***** DATASET RECORDS

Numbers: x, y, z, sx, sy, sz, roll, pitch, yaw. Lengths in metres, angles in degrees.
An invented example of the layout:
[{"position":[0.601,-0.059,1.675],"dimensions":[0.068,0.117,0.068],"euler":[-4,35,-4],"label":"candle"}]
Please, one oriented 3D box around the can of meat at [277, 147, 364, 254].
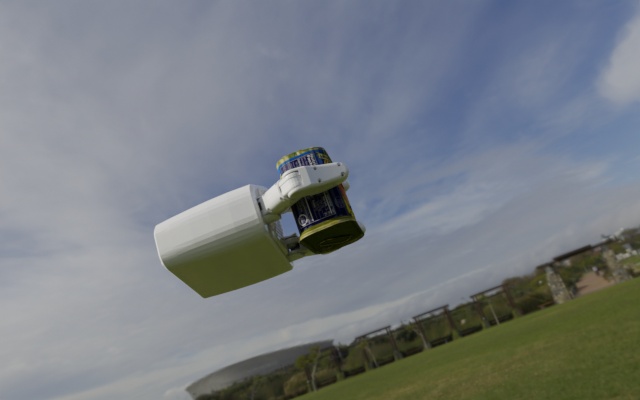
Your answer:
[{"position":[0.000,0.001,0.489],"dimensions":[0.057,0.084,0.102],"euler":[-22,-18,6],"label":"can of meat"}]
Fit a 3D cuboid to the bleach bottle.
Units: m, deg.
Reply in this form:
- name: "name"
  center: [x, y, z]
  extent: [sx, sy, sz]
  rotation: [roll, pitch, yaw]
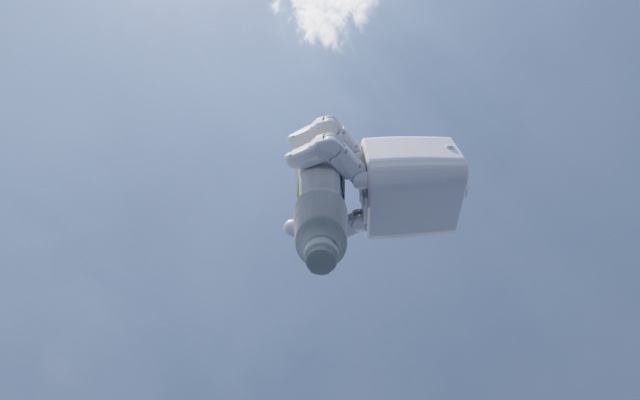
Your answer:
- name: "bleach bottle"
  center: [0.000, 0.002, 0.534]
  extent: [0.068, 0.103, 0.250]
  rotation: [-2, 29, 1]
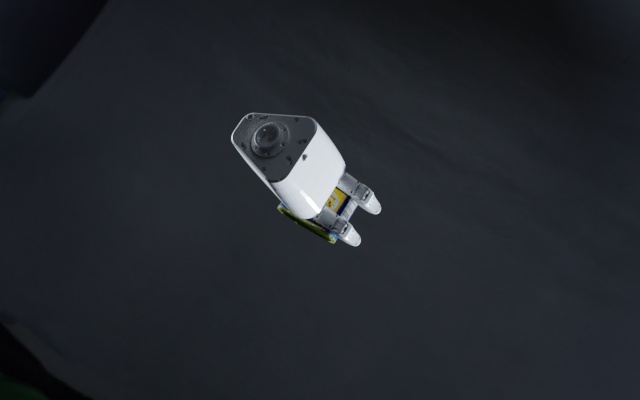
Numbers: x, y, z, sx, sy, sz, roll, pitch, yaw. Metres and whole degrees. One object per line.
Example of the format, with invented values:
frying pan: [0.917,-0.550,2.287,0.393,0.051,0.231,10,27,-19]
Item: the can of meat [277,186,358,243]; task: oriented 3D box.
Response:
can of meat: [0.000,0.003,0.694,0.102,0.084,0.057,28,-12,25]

**********
***** DATASET RECORDS

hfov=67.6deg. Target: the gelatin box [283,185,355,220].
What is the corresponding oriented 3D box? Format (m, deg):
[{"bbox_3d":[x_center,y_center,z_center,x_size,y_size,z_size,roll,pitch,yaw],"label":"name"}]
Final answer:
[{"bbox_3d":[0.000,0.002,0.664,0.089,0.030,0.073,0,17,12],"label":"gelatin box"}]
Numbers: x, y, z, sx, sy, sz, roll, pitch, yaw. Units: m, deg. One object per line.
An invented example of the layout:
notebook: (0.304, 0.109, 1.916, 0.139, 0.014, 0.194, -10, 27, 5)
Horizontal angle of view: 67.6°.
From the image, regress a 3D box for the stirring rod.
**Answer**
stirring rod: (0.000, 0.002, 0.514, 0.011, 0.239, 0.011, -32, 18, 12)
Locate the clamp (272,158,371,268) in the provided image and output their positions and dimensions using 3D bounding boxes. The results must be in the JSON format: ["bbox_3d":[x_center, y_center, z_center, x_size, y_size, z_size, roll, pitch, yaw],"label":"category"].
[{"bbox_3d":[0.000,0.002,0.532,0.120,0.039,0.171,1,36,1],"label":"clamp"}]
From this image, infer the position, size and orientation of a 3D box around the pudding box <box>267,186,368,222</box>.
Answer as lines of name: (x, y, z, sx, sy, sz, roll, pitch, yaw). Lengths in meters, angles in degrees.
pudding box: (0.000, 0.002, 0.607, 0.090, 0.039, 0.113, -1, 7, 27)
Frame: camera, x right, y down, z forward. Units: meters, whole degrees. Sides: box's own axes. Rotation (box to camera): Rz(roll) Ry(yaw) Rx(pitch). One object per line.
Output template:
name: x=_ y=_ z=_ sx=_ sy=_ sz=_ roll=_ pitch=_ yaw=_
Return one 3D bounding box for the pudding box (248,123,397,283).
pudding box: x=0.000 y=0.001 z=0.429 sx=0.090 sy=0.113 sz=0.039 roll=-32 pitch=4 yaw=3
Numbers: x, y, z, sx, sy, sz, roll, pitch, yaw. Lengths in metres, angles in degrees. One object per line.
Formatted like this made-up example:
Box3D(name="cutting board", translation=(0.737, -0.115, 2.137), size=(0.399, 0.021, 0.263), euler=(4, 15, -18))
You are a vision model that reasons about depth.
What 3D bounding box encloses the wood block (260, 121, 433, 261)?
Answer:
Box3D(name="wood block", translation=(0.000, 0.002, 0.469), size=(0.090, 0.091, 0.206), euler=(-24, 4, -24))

**********

_WHAT TO DO:_ Determine how many lines of the listing contain the string "whole", and give only the number.

_RESPONSE AREA:_ 2